Arsenic trioxide tillomed

Poland
Brand name Arsenic trioxide tillomed
Form solution for infusion, concentrate
Active substance / Dosage
Arsenic trioxide · 2 mg/ml
Prescription type Prescription only – restricted use
ATC code
L01XX27
Registration number 100500800
Manufacturer Tillomed Malta Limited

Table of Contents

Package leaflet: Information for the patient

Arsenic trioxide Tillomed, 2 mg/mL, concentrate for solution for infusion
Arsenii trioxidum
For use in adults
Please read all of this leaflet carefully before using this medicine because it contains
important information for you.

  • Keep this leaflet. You may need to read it again.
  • If you have any further questions, ask your doctor, pharmacist, or nurse.
  • If you get any side effects, talk to your doctor, pharmacist, or nurse. This includes any side effects not listed in this leaflet. See section 4.

Contents of the leaflet

  1. What Arsenic trioxide Tillomed is and what it is used for
  2. What you need to know before you use Arsenic trioxide Tillomed
  3. How to use Arsenic trioxide Tillomed
  4. Possible side effects
  5. How to store Arsenic trioxide Tillomed
  6. Contents of the pack and other information

1. What Arsenic trioxide Tillomed is and what it is used for

Arsenic trioxide Tillomed is used in adult patients with newly diagnosed acute promyelocytic leukaemia (APL) with low or intermediate risk, and in adult patients who have not responded to other treatments. APL is a unique type of myeloid leukaemia characterized by the presence of abnormal white blood cells and abnormal bleeding and bruising.

2. Important information before using Arsenic trioxide Tillomed

Arsenic trioxide Tillomed should be administered only under the supervision of a physician experienced in the treatment of acute leukemias.
When not to use Arsenic trioxide Tillomed
If the patient is allergic to arsenic (III) oxide or to any of the other ingredients of this medicine (listed in section 6).
Warnings and precautions
Before receiving Arsenic trioxide Tillomed, discuss with the doctor or nurse if:

  • the patient has impaired kidney function,
  • the patient has any liver function disorders.
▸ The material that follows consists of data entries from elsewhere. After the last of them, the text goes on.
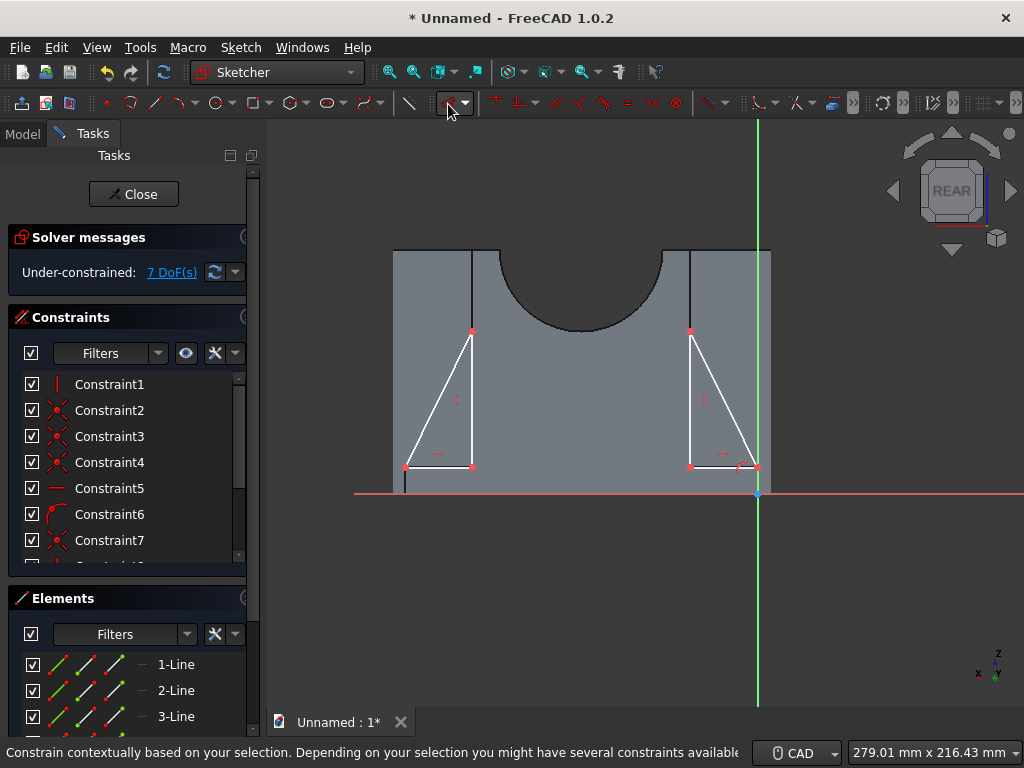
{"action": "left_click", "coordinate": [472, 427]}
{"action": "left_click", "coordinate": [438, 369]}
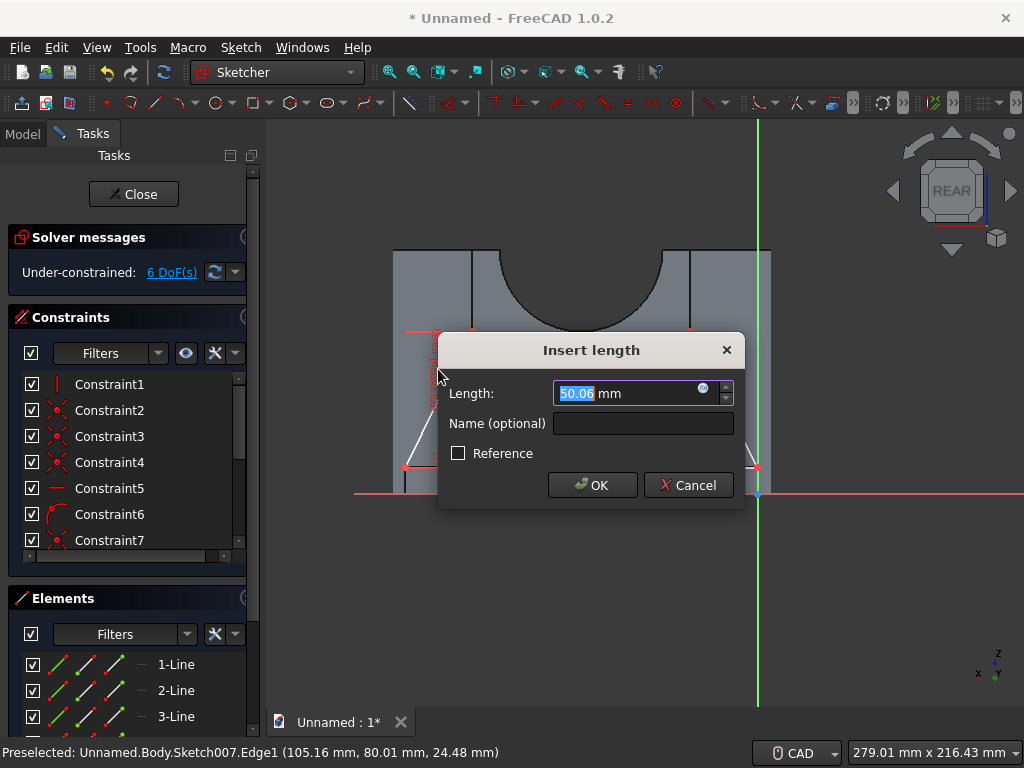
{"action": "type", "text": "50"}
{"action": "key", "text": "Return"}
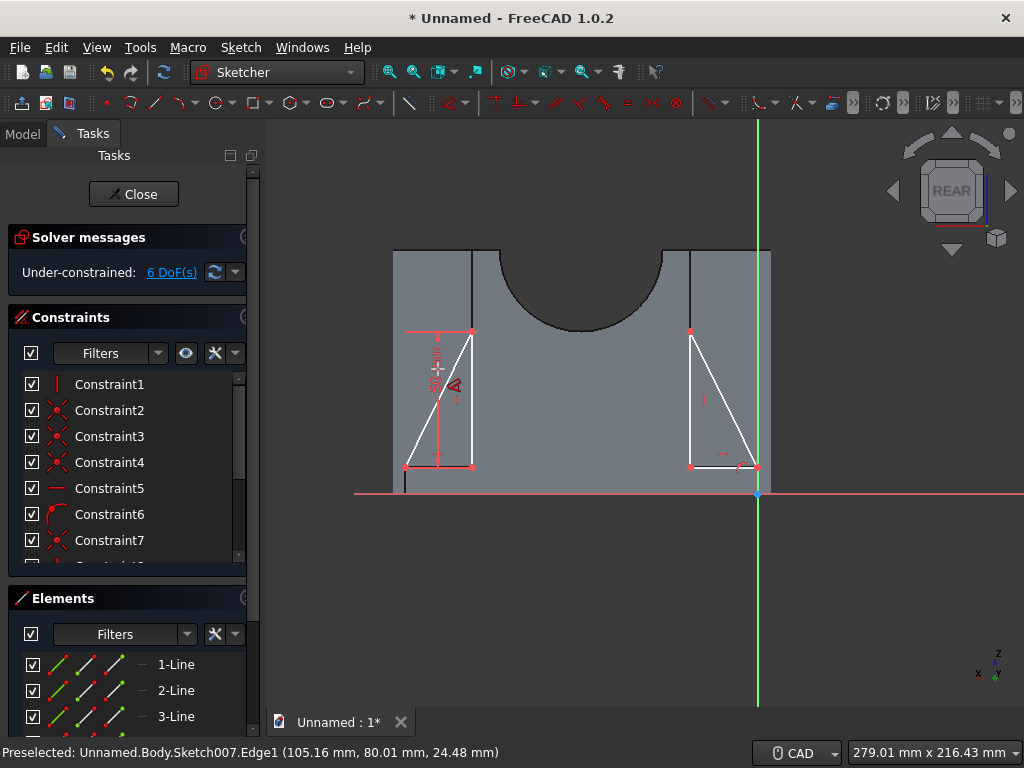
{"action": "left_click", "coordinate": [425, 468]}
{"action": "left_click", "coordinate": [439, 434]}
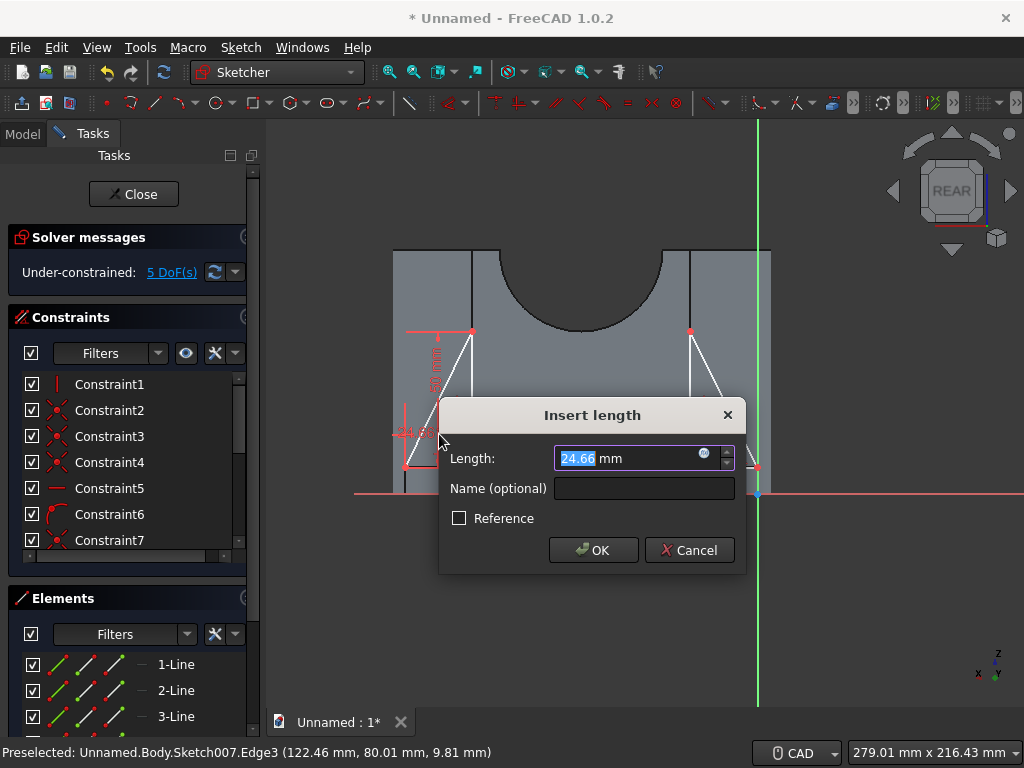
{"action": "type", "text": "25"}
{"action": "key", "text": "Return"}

The physician will take the following precautions:

  • Prior to the first dose of Arsenic trioxide Tillomed, blood levels of potassium, magnesium, calcium, and creatinine should be assessed.
  • An electrocardiogram (ECG) should be performed before the first dose.
  • During treatment with Arsenic trioxide Tillomed, blood tests (potassium, magnesium, calcium, liver function) should be repeated regularly.
  • Additionally, an electrocardiogram should be performed twice weekly.
  • In patients at risk of developing a specific type of cardiac arrhythmia (e.g., torsade de pointes or QTc interval prolongation), continuous cardiac monitoring should be performed.
  • The physician may monitor the patient's health status during and after treatment, as the active substance in Arsenic trioxide Tillomed, arsenic (III) oxide, may cause the development of other tumors. Any new or unusual symptoms or circumstances should be reported during every medical visit.
  • Cognitive function and motor performance should be monitored if the patient is at risk of vitamin B deficiency. Children and adolescents Arsenic (III) oxide is not recommended for use in children and adolescents under 18 years of age.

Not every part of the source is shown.